====== Available data
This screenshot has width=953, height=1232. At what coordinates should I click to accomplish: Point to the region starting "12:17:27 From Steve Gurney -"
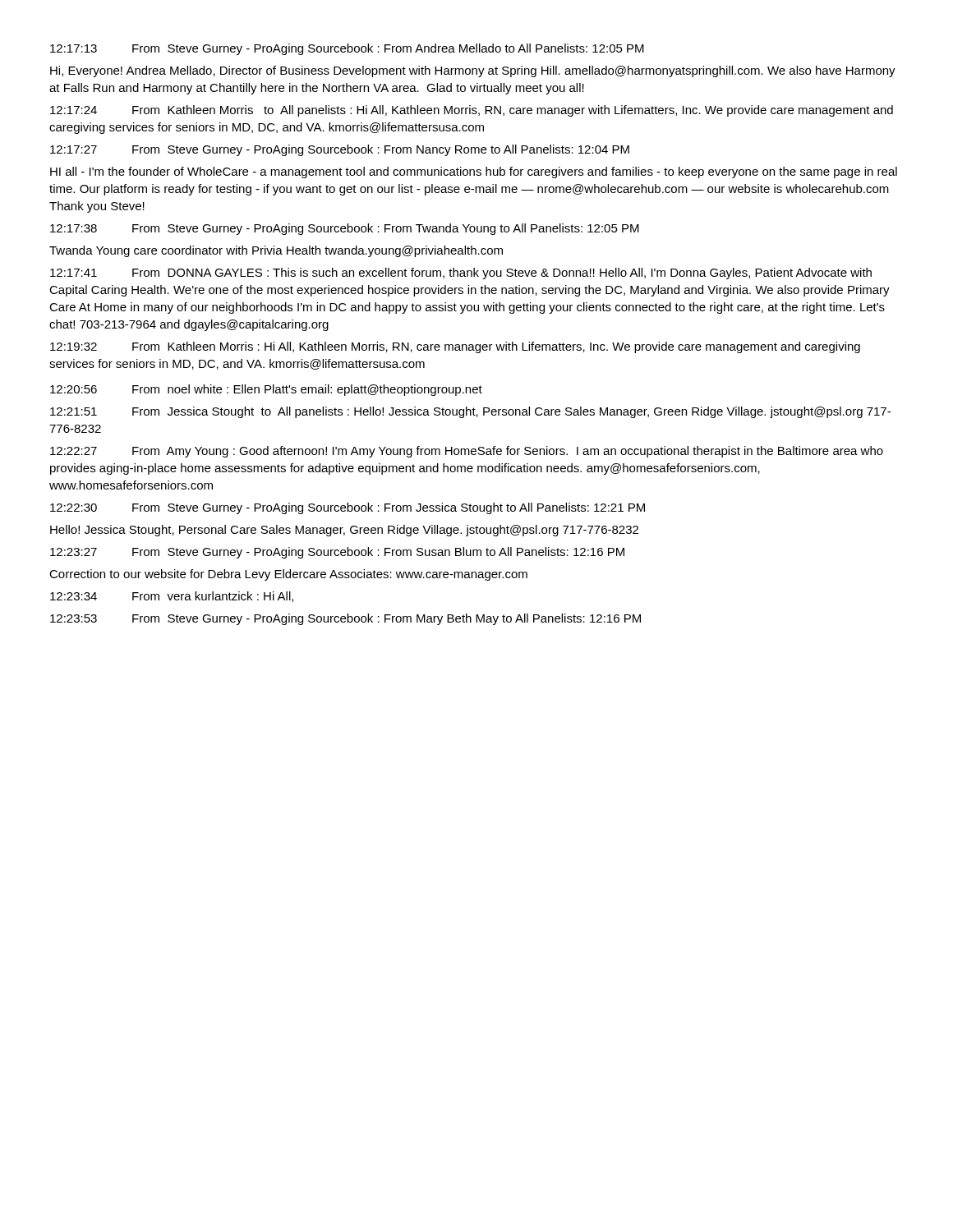(x=340, y=149)
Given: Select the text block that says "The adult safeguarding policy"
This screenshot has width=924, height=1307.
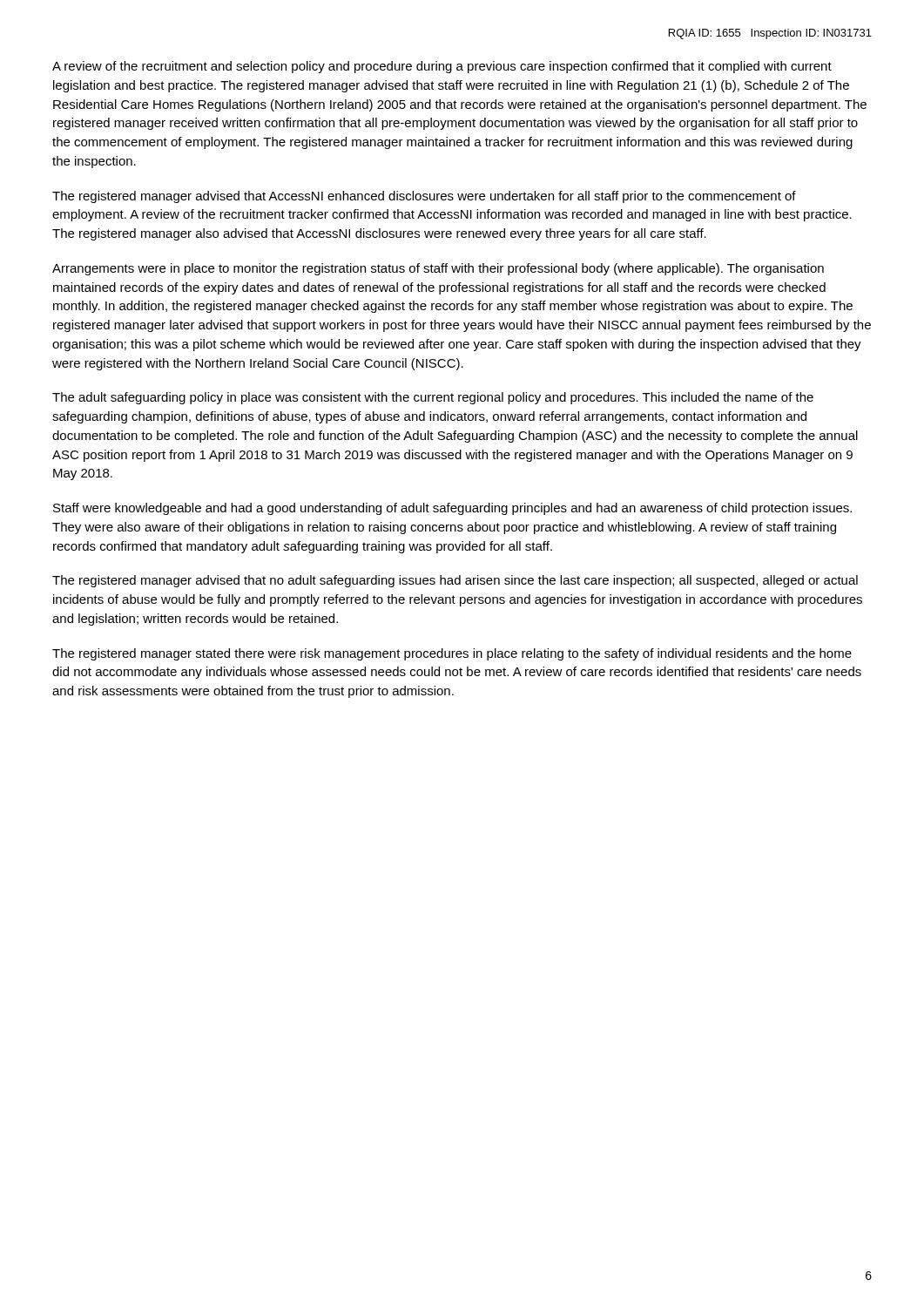Looking at the screenshot, I should [x=455, y=435].
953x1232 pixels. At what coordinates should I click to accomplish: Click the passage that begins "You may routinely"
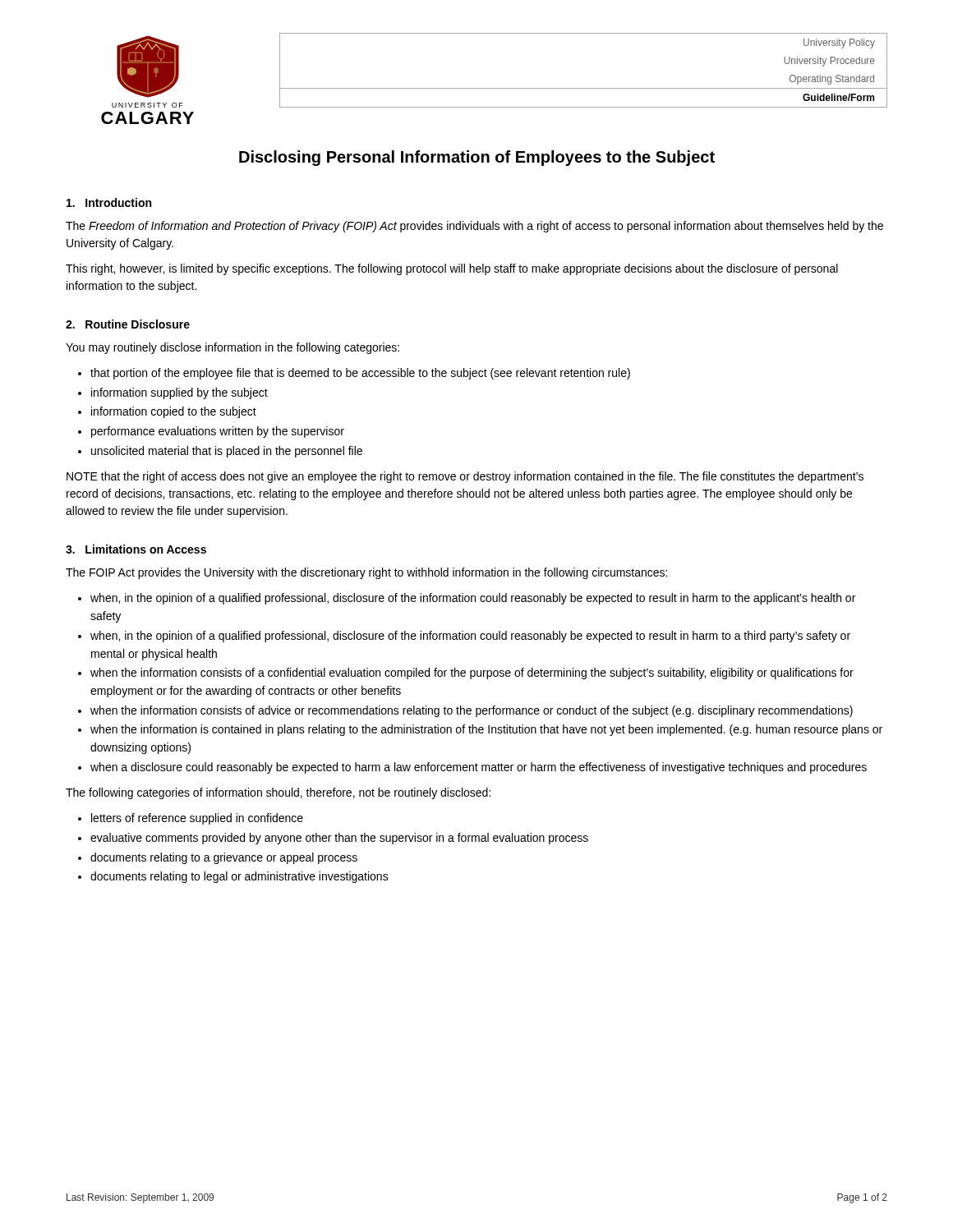[233, 347]
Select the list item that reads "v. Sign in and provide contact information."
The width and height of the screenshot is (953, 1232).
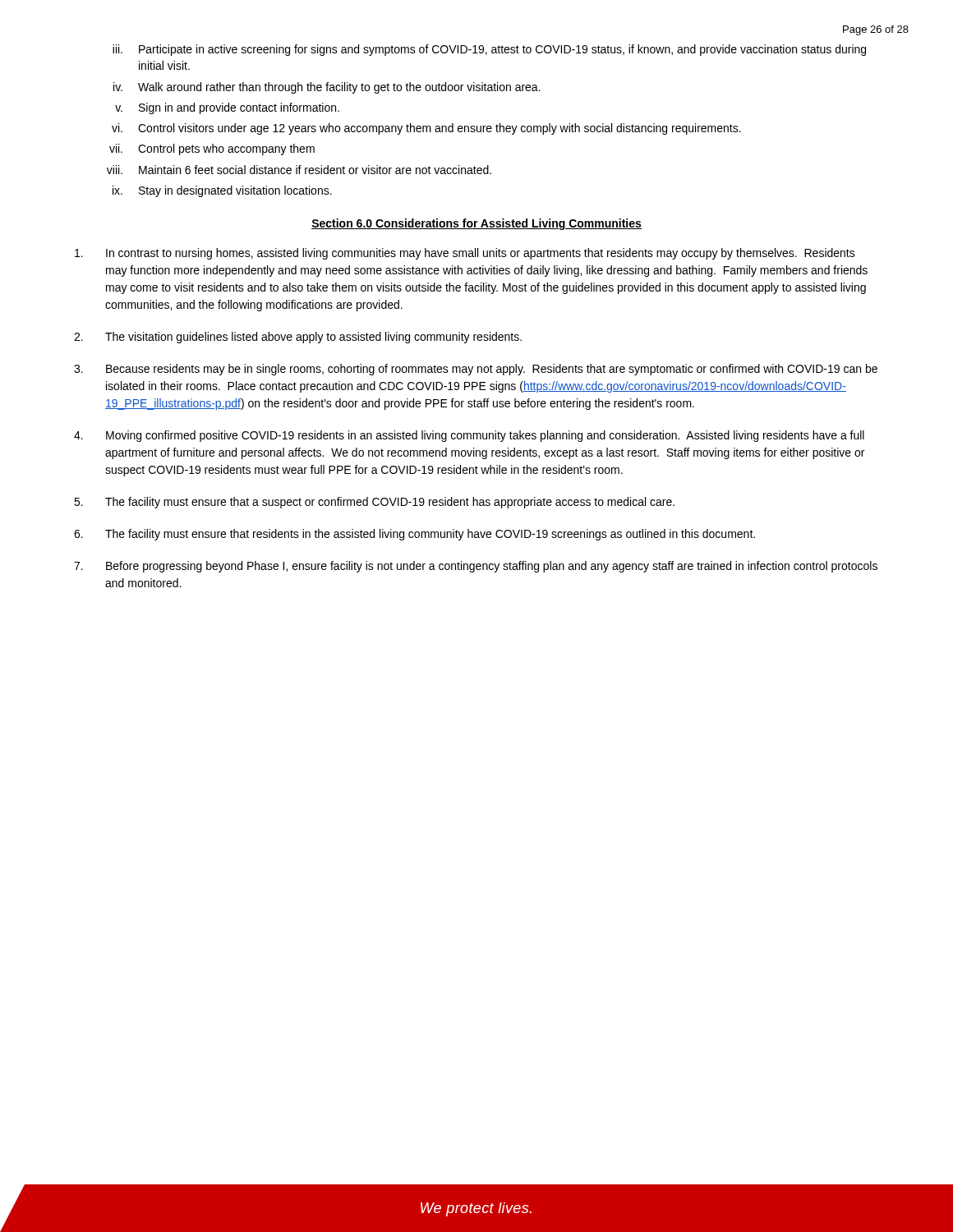pyautogui.click(x=227, y=108)
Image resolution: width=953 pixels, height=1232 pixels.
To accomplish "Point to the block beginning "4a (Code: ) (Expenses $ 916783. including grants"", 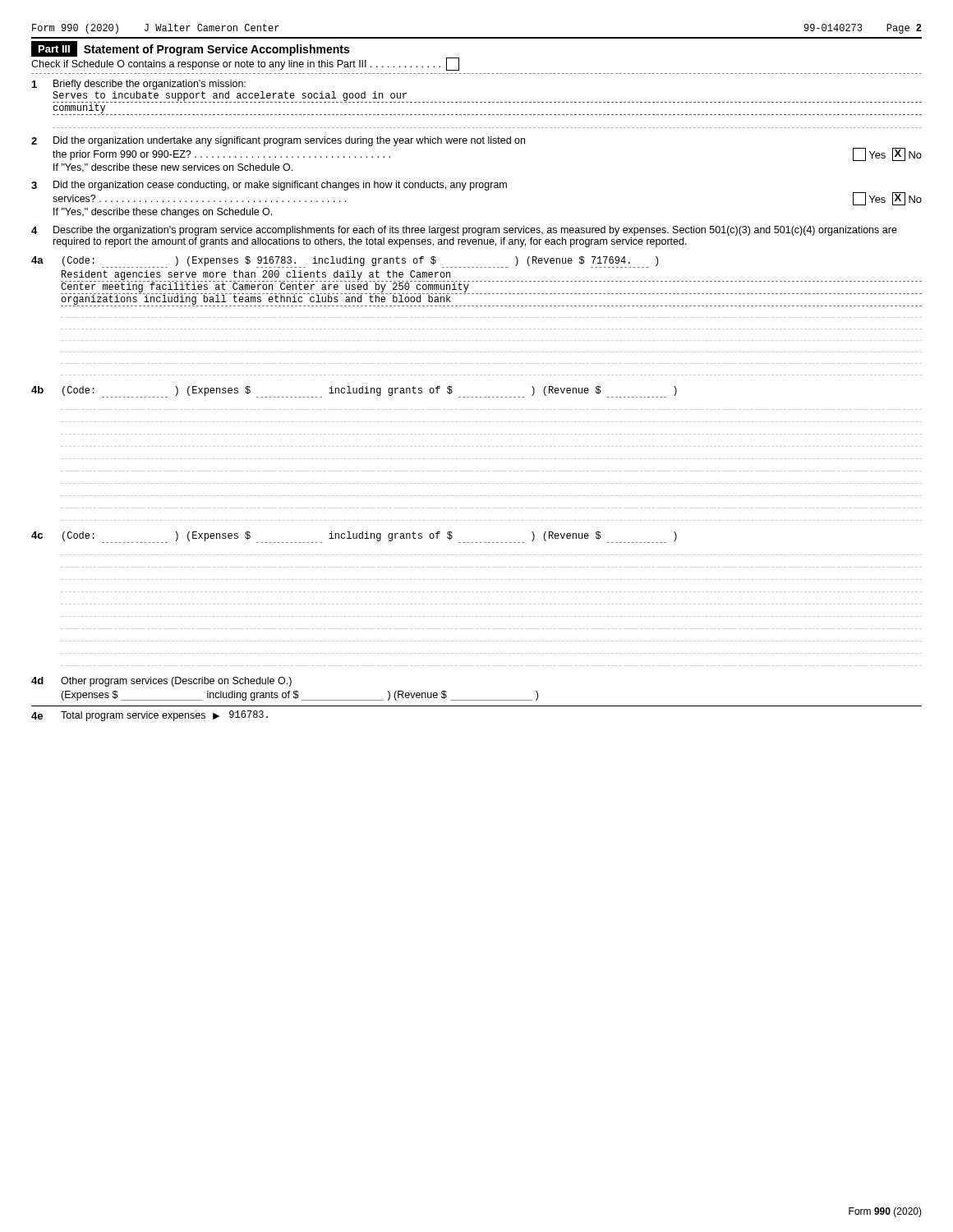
============
▶ Work to complete:
The entries above should be retyped word for word, with all pictures omitted.

▶ Solution to the problem:
This screenshot has width=953, height=1232. At what coordinates should I click to accomplish: Point to the region starting "12:17:27 From Steve Gurney -"
(x=340, y=149)
Given: Select the text block that says "The adult safeguarding policy"
This screenshot has width=924, height=1307.
Looking at the screenshot, I should [x=455, y=435].
953x1232 pixels. At what coordinates should I click to accomplish: Click the passage that begins "You may routinely"
[233, 347]
Select the list item that reads "v. Sign in and provide contact information."
The width and height of the screenshot is (953, 1232).
pyautogui.click(x=227, y=108)
Image resolution: width=953 pixels, height=1232 pixels.
To accomplish "Point to the block beginning "4a (Code: ) (Expenses $ 916783. including grants"", 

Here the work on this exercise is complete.